Applauded, but wrong…

…or: Marginalized, but right.

A fascinating piece in the New York Review of Books on Pierre Ryckmans and his book The Hall of Uselessness: Collected Essays. Ryckmans demonstrated an understanding of the scale of human and cultural destruction happening in China since the Cultural Revolution far better than his academic colleagues.

Yet his insight into the brutality of the revolution and tens of millions starved or otherwise killed wasn’t due to any particular insider knowledge so much as what could be called a willingness to see. Whereas Western academics dealt with China and her people as an intellectual abstraction, Ryckmans would read the China News Analysis newspaper and thereby learn about the life of the people.

Ryckmans explains the failure of Western academics to admit what was happening to China’s people and culture this way: “What people believe is essentially what they wish to believe. They cultivate illusions out of idealism—and also out of cynicism.”

In this context George Orwell’s alleged observation that “In a time of universal deceit, telling the truth is a revolutionary act.” In other words, we tend to become invested in what we wish to believe—whether in petty personal grievances or in sweeping cultural appraisals.

Thus did Ryckmans willingness to see (or as the Review of Books put it, his “getting it right”), represent something revolutionary. Yet “getting it right” put him on the margins of the academic consensus when it really mattered, when Western elites could have perhaps worked to meaningfully disgrace Mao’s endeavors.

I have a tendency to place greater trust in those on the margins of consensus (in people like Ryckmans) because those are almost always the people with the least to gain and the most to lose—and yet they’re risking their reputations anyway. Which indicates, Hey, maybe there’s something there…
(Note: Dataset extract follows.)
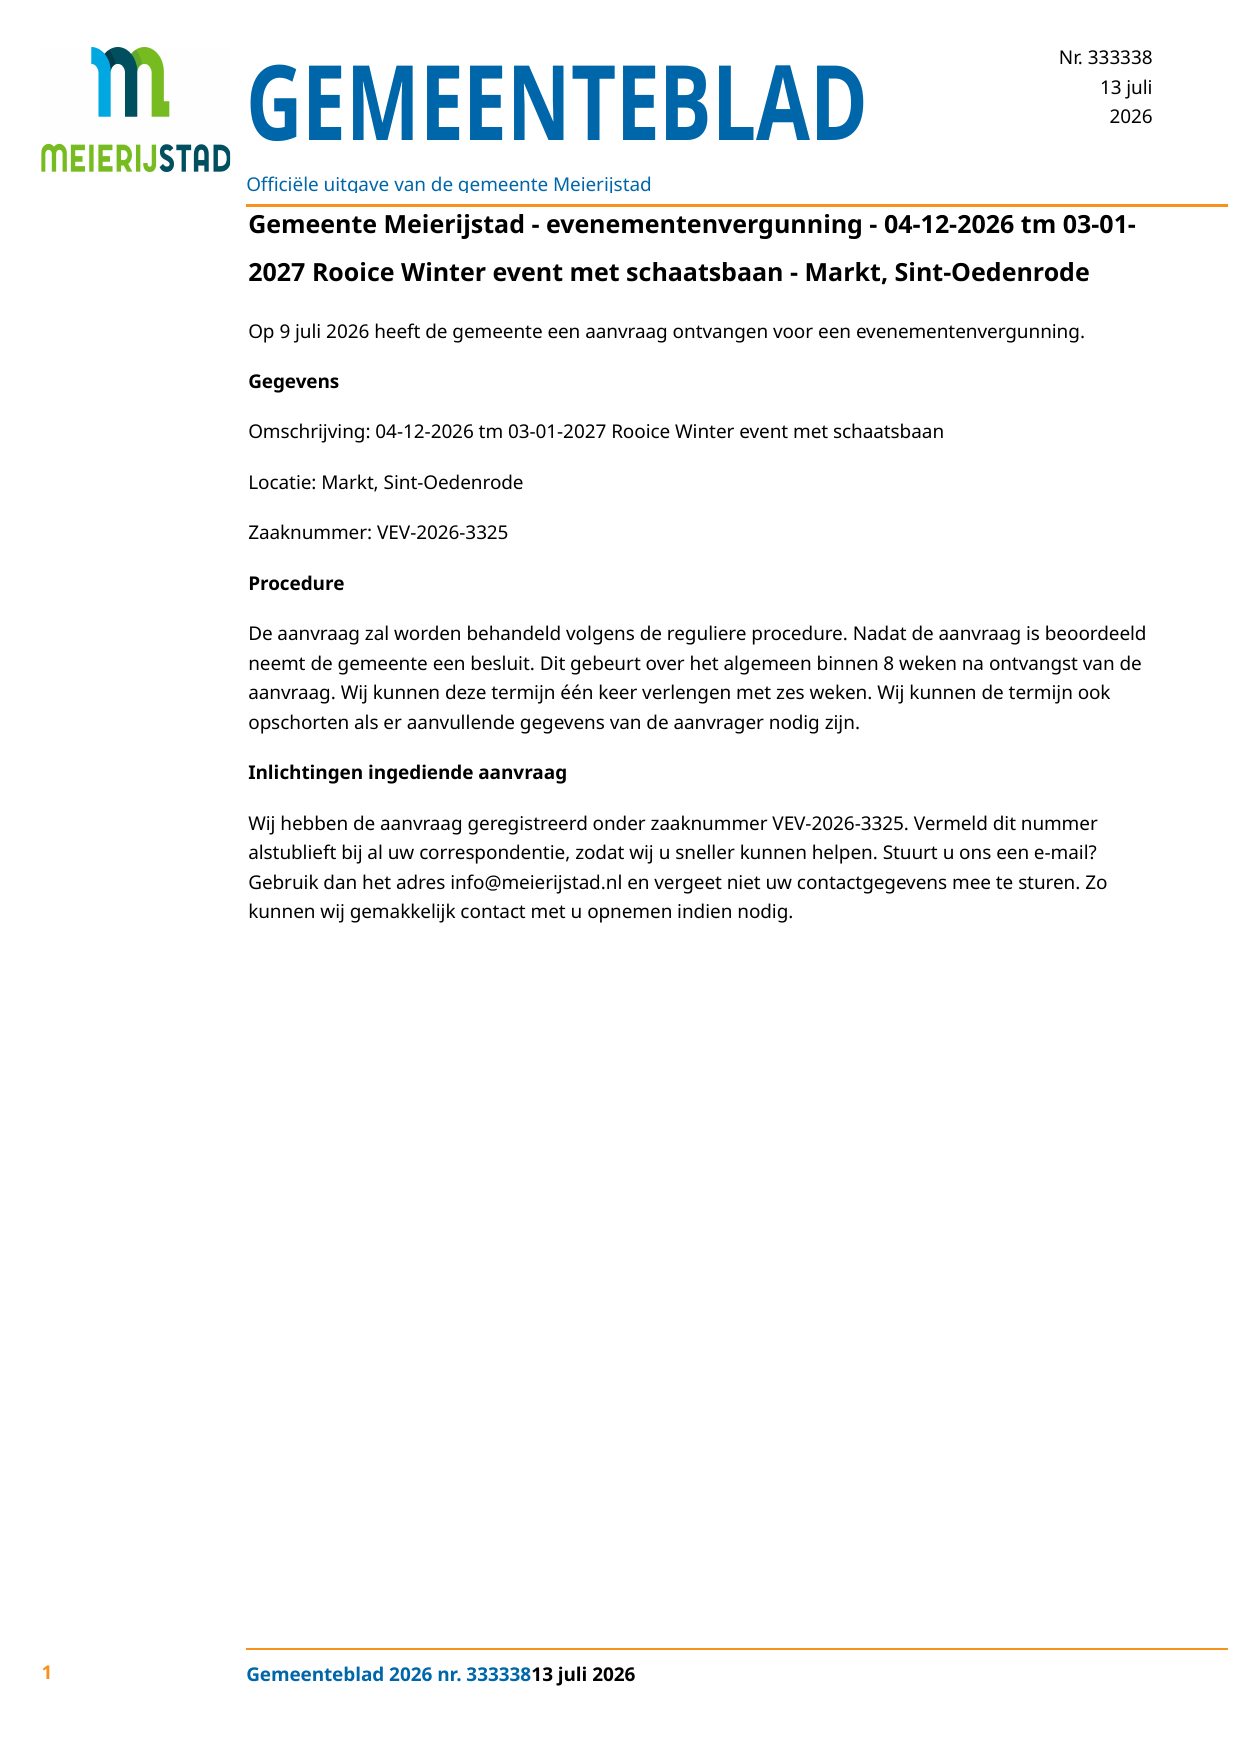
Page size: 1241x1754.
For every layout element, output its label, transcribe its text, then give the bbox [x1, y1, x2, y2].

Consensus often doesn’t seem to ask much of those expected to embrace it. In the China/Ryckmans case, the Western elite could comfortably dismiss his perspective in the 1950s-70s when real people were suffering because an ideal divorced from its consequences was popular, and the same elite can now comfortably embrace his having “gotten it right” by admitting the truth about Mao’s revolution years after the point at which such insights had the chance to impact history.

At minimum, it helps to intentionally escape the illusions we cultivate for ourselves—to touch reality through a willingness to see. The ultimate point of life isn’t simply to be comfortable.